(Dataset excerpts)
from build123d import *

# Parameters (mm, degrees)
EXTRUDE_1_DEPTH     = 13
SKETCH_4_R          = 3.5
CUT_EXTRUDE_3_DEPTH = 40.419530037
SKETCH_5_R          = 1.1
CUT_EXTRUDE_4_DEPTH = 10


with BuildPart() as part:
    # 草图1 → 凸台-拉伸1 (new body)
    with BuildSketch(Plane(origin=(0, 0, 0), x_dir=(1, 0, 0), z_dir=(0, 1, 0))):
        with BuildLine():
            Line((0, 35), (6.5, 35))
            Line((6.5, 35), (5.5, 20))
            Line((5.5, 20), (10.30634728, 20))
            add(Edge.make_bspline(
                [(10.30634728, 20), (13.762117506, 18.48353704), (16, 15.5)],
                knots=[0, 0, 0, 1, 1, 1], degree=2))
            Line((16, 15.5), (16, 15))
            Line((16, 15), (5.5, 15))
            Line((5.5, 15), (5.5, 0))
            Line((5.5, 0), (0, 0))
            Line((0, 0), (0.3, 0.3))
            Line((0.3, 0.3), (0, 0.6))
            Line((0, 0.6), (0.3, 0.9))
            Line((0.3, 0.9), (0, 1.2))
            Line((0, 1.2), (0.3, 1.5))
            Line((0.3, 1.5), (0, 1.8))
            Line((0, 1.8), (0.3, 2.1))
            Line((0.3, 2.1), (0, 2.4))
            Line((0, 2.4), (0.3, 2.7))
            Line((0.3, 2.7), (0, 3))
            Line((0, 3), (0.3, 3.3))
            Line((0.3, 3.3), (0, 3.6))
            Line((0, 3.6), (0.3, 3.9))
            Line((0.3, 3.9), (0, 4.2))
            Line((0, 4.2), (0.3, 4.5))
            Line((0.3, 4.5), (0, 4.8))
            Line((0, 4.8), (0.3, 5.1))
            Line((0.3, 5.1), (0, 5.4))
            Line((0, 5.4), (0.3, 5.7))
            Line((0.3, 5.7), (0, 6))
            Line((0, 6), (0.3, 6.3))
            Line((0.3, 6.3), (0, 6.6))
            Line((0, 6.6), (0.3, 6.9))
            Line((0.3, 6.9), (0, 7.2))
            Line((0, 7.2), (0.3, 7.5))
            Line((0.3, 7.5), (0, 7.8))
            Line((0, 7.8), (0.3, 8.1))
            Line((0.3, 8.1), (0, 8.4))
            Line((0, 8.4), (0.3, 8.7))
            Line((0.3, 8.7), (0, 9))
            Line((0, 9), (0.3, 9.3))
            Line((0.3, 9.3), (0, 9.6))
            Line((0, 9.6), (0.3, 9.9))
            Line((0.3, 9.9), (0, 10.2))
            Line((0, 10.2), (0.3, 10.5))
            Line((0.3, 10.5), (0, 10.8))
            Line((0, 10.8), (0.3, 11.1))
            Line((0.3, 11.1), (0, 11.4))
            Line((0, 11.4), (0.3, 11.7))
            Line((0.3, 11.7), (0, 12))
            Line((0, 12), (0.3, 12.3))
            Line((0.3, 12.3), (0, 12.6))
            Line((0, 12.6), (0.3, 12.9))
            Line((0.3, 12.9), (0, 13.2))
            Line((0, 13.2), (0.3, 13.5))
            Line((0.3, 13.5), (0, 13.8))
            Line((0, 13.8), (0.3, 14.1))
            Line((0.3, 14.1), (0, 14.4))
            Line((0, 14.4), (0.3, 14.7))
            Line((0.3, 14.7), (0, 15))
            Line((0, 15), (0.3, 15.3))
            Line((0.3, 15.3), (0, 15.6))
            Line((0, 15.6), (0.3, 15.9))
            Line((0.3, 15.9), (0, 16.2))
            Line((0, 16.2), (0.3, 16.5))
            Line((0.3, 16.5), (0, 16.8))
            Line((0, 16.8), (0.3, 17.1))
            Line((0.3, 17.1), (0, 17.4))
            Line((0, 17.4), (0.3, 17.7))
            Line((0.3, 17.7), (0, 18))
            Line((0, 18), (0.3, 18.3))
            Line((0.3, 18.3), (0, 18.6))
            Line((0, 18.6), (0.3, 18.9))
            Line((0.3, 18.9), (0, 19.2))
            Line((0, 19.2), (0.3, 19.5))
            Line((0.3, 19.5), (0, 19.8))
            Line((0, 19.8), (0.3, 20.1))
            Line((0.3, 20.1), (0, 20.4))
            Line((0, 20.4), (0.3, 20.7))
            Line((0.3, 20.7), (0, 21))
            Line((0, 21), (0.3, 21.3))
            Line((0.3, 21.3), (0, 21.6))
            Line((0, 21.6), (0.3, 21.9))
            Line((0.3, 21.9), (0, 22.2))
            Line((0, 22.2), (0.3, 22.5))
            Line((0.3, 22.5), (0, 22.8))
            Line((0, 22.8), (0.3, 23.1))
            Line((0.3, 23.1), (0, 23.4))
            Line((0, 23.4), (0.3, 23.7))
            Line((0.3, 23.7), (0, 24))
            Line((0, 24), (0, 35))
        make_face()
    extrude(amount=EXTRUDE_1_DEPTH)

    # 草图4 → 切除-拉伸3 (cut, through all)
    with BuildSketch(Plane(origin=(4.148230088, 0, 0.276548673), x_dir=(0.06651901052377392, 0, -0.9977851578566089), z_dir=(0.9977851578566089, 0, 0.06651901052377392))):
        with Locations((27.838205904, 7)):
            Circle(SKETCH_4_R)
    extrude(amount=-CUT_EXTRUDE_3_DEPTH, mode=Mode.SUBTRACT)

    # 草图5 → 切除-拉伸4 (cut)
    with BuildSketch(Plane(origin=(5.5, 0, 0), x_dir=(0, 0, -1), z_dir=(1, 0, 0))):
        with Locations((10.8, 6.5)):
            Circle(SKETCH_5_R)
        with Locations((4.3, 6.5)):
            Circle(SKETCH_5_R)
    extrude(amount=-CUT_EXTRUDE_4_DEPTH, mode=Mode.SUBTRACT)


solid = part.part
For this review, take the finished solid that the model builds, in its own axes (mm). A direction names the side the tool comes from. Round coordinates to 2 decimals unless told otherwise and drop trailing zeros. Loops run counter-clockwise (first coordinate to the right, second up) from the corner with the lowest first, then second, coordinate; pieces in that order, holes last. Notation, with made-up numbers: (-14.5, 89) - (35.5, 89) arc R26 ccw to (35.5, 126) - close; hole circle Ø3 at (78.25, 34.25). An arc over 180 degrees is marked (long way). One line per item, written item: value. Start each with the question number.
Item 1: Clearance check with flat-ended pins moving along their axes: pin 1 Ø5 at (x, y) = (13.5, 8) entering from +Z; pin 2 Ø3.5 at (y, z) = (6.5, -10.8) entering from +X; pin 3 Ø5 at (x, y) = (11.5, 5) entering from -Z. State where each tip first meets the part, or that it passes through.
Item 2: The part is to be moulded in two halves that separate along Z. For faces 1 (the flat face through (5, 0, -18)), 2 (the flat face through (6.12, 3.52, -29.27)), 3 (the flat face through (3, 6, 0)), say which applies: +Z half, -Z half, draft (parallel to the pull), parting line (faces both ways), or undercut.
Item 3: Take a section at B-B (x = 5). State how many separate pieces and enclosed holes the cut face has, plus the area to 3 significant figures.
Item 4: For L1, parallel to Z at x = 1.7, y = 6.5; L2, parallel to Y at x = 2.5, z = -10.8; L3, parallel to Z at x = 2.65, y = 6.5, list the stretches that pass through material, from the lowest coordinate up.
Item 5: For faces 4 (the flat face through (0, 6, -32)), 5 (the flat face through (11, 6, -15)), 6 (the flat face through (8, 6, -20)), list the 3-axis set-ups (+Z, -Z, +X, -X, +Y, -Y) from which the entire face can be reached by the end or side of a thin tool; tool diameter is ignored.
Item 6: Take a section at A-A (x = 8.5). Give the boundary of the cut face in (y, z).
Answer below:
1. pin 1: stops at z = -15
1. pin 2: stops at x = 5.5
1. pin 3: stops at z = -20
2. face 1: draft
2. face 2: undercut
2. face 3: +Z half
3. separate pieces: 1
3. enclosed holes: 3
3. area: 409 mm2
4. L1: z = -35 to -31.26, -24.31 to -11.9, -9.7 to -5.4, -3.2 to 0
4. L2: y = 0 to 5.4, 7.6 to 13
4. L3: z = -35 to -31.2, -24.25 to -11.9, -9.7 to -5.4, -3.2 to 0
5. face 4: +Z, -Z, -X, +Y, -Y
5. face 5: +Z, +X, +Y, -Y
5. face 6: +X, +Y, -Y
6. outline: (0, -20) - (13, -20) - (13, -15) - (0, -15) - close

**What you should do:**
Using the data above, transcribe the lines that run from the line with "Line((0, 5.4), (0.3, 5.7))" to the line with "Line((0.3, 11.1), (0, 11.4))", both ends kept, and output nothing else.

**Written response:**
            Line((0, 5.4), (0.3, 5.7))
            Line((0.3, 5.7), (0, 6))
            Line((0, 6), (0.3, 6.3))
            Line((0.3, 6.3), (0, 6.6))
            Line((0, 6.6), (0.3, 6.9))
            Line((0.3, 6.9), (0, 7.2))
            Line((0, 7.2), (0.3, 7.5))
            Line((0.3, 7.5), (0, 7.8))
            Line((0, 7.8), (0.3, 8.1))
            Line((0.3, 8.1), (0, 8.4))
            Line((0, 8.4), (0.3, 8.7))
            Line((0.3, 8.7), (0, 9))
            Line((0, 9), (0.3, 9.3))
            Line((0.3, 9.3), (0, 9.6))
            Line((0, 9.6), (0.3, 9.9))
            Line((0.3, 9.9), (0, 10.2))
            Line((0, 10.2), (0.3, 10.5))
            Line((0.3, 10.5), (0, 10.8))
            Line((0, 10.8), (0.3, 11.1))
            Line((0.3, 11.1), (0, 11.4))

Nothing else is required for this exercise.